Nah no problem explaining or repeating things. But only certain things, if you dont understand them. I was a newbee myself once, so i dont mind giving back to the community. But all the knowledge about meadmaking is very extense. Its not that i dont want to repeat it, just that if i have to explain it ALL, it would take pages and pages, and since its already written, well its sort of pointless. once you inform yourself we'll be glad to answer any question left or point to more advanced techniques so you can improve your future meads and this one!
I just want you to go through the fast lane here, but please dont feel like you dont have to ask. ask all you need. but if you do the basic research first it will save time for both yourself and the people who answer.

About the nutrient, its only inorganic nutrient. I hope you didnt buy much because its sort of low grade. you should not add more for the moment. instead add some more oranges as i sugested ( 2 or 3, peel off the zest and the pith if you dont want flavour. if you want orange flavour add zest and meat, but not the pith since its very bitter), or other fruits, to add some nutrients for the yeast. Alternatively in 2-3 days take another pack of yeast, and boil it for 5 minutes, then add it to the mead. Yeast cannibilize their dead so the yeast taht is alive will eat the boiled yeasts.
Other better alternatives for nutrients are Fermaid O (the best) or Fermaid K/wyeast beer or wine nutrient/Fermax/Superfood/Superfood plus/Tronozymol (they are all similar). You might only have one or two of those avaliable depending on where you are from. If you are from america go with the Fermaid brand. it would be advisable getting any of those before the next batch if you plan on doing another batch.

rookie2531
03-23-2017, 06:01 PM
again, Thanks Dadux.

I will add some more oranges and boil some yeast and add it later as well.
I am in America and will look at other nutrients available. I am currently looking for a good reliable supply store (online).
I also will update my user info.

Thank you once again. I will update in couple days.

Dadux
03-23-2017, 06:23 PM
again, Thanks Dadux.

I will add some more oranges and boil some yeast and add it later as well.
I am in America and will look at other nutrients available. I am currently looking for a good reliable supply store (online).
I also will update my user info.

Thank you once again. I will update in couple days.
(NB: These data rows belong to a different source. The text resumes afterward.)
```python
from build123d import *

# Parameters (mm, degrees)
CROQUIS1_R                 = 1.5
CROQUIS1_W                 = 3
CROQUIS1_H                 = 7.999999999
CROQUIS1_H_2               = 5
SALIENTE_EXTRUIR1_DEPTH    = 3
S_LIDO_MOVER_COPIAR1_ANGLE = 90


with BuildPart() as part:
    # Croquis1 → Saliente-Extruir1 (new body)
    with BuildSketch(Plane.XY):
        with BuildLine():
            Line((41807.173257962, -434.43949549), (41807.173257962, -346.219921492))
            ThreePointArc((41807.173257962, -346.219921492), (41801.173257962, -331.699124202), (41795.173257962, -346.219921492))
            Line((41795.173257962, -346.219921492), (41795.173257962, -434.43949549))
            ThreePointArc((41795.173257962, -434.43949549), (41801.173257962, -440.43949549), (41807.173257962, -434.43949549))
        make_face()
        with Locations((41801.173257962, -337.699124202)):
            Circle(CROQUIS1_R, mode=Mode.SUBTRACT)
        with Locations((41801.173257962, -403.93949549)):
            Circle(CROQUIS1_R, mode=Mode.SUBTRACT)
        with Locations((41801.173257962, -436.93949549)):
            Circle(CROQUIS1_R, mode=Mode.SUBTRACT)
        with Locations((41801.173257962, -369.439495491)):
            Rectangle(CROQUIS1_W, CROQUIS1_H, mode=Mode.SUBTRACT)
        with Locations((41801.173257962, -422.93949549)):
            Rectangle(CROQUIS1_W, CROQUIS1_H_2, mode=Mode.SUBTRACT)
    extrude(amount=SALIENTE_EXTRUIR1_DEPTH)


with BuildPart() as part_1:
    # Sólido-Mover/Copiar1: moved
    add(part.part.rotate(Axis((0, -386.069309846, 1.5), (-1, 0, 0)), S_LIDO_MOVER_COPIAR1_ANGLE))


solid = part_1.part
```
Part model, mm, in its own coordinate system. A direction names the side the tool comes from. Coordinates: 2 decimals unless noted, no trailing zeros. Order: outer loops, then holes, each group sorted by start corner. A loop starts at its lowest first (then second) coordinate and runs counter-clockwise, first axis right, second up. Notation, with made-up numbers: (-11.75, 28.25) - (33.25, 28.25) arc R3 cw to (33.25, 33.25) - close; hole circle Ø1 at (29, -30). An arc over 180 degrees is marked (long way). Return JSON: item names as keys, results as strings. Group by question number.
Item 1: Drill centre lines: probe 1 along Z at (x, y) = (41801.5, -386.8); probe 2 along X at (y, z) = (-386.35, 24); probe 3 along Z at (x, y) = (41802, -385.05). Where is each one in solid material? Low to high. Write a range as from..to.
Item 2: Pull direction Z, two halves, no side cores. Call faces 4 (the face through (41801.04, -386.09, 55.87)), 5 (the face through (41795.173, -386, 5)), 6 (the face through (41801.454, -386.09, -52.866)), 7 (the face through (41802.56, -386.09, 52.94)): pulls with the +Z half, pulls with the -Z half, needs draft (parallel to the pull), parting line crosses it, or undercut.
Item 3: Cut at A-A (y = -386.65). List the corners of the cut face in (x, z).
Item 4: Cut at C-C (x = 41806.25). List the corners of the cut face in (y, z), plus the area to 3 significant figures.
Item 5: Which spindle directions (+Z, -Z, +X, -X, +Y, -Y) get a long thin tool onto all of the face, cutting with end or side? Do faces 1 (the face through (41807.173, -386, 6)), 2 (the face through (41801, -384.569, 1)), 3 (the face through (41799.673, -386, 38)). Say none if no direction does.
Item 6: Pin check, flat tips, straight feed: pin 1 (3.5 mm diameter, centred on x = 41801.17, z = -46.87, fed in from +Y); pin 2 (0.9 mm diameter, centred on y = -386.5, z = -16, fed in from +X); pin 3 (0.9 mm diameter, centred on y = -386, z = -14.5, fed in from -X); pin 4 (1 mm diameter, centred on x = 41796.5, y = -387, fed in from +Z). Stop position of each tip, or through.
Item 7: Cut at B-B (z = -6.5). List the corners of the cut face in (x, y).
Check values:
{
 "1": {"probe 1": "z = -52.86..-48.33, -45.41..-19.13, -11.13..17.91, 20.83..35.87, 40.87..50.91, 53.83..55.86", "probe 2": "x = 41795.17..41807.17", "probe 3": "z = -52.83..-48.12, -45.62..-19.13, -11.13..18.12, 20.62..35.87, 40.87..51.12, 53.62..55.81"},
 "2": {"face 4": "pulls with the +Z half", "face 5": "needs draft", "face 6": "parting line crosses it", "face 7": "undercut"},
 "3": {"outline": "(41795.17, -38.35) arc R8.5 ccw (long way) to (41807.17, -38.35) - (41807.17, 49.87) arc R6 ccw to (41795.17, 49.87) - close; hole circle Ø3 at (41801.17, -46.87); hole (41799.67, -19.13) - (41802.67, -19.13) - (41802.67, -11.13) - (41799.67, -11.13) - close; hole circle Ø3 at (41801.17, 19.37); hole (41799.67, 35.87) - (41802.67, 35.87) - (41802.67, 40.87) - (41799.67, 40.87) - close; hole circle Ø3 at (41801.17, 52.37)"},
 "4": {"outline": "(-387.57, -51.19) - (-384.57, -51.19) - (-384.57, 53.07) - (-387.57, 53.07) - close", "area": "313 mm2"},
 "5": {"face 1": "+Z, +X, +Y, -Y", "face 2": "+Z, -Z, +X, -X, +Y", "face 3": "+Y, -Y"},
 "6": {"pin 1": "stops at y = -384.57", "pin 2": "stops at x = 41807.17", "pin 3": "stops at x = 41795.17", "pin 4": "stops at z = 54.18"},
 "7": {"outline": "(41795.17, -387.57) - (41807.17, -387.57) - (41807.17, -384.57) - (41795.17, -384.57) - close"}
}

i think some suppliers are morewine.com and other winemaking supliers. The nutrients are the same for wine and mead. And at least some have free shipping. I am from spain so its only what i read sometimes here. someone from there may chime in.

rookie2531
03-26-2017, 07:08 PM
since last post, i added 4 more peeled oranges, not the peels.
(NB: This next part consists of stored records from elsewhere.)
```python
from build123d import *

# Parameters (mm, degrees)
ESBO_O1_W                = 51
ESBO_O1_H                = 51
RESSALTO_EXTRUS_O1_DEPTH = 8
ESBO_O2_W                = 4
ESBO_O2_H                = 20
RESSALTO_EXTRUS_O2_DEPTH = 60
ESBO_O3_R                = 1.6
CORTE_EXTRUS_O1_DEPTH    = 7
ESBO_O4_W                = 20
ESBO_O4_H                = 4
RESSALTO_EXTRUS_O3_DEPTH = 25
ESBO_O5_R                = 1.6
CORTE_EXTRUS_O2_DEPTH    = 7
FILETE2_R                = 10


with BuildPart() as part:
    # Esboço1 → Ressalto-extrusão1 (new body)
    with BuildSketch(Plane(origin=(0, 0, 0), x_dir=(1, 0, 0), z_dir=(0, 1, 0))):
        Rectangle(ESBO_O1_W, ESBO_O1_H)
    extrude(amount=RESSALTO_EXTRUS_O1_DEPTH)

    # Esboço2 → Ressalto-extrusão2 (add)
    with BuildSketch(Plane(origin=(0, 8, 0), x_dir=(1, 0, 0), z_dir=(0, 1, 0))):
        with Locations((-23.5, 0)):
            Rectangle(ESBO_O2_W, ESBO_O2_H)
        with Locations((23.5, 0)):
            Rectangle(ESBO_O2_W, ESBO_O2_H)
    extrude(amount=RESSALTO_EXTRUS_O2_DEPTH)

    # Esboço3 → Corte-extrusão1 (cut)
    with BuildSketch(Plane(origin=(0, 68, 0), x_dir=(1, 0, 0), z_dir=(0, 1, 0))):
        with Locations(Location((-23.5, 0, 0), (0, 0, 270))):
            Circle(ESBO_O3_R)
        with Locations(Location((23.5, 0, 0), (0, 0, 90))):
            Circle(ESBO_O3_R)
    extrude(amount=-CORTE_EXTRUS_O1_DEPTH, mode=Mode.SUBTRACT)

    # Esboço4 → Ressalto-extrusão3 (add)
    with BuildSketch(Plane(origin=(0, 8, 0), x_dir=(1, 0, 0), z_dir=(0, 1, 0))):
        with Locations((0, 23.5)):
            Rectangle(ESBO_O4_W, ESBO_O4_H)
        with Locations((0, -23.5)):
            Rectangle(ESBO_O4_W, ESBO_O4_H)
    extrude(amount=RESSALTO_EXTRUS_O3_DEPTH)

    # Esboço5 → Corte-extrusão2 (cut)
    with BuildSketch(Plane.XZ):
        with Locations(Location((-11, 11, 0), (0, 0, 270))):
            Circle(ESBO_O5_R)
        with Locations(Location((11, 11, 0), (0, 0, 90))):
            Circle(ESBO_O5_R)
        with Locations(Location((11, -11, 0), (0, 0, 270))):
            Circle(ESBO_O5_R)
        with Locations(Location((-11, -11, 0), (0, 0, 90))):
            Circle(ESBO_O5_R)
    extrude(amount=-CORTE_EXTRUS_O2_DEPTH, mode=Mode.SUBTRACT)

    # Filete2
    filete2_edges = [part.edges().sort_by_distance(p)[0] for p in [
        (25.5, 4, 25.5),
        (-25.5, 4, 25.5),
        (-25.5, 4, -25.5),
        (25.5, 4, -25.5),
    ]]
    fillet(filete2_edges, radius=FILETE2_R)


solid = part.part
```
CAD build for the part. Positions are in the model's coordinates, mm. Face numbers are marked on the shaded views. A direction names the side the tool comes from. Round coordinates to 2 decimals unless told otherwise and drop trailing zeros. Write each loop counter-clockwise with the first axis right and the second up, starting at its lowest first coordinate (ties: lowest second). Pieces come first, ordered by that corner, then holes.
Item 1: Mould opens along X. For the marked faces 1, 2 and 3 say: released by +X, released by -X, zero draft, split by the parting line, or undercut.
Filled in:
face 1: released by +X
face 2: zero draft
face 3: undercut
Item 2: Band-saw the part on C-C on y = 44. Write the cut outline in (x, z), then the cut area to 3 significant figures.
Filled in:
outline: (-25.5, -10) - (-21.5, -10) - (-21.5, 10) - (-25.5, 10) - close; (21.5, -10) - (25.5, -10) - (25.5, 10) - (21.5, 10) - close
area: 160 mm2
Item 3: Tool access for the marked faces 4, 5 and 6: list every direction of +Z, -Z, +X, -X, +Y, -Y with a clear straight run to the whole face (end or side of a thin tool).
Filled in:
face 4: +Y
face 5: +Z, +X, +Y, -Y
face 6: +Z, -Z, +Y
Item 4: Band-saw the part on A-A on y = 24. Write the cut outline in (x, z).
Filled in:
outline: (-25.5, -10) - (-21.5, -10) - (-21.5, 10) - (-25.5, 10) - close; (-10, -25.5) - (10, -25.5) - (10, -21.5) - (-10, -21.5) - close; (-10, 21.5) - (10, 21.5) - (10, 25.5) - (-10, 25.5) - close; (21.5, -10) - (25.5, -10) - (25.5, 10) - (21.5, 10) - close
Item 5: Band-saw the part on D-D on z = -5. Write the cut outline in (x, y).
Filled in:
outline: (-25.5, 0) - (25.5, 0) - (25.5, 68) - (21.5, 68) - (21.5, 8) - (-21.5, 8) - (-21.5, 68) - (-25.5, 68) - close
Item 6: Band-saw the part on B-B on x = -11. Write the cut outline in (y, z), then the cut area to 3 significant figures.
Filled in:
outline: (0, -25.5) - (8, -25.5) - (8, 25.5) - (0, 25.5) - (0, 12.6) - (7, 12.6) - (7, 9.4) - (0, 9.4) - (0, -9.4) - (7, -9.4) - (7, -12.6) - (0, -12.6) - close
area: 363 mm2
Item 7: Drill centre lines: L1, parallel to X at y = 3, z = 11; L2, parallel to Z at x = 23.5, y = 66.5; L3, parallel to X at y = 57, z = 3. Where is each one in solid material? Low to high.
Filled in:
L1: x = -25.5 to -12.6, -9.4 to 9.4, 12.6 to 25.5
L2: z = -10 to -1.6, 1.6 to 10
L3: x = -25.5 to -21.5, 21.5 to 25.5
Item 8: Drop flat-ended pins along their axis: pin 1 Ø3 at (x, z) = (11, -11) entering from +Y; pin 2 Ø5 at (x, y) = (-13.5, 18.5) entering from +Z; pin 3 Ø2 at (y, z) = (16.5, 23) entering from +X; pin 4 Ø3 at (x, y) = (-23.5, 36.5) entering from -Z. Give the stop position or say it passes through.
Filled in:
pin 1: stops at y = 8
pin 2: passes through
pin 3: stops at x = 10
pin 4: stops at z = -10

next day, i noticed the lid had explosive leak around most of it. fluids down the sides and on the shelf it sat on. guess the yeast really liked those oranges, lol

just to refresh.
didnt know gravity when i started, but after 6 days of ferm. reading was 1.15
i added 1.75 gallons of water to bring reading to 1.100
Now, since bucket lid leaks, i went out and bought carboy and racked everything into it. after syphoning liquid. i used a canning funnel and put oranges and raisins and everything.

Now, the reading is 1.03. I drank the juice from the test tube and it is very strong. i got a good buzz from it. it has a strong bitter orange taste, still, but at least it isnt as sweet as it was. But , it is very strong and still bubbling.

I suppose since i dont know where the gravity was when i started and added water, it will be a guessing game on alcohol%.

Next batch is going to be straight, water,honey and yeast.

Squatchy
03-26-2017, 07:48 PM
Well. So if you end up finishing your ferment with residual sugar left behind. You can more or less figure that what ever the ABV tolerance was of the yeast is what the ABV is. The yeast will have tapped out at the ABV tolorance level of that strain. This will vary some. With the modern science we use you can figure most yeast will go beyond the listed ABV. If you did less than "best case 'senario", it may have not gotten to that point.

My hunch ios that as a newbee you may have not been up to speed with everything you could have done to get a good strong, clean ferment. That is my bet as you didn't know about SG and such.

At the end of the day you can figure pretty closely by adding how many points your yeast chewed up.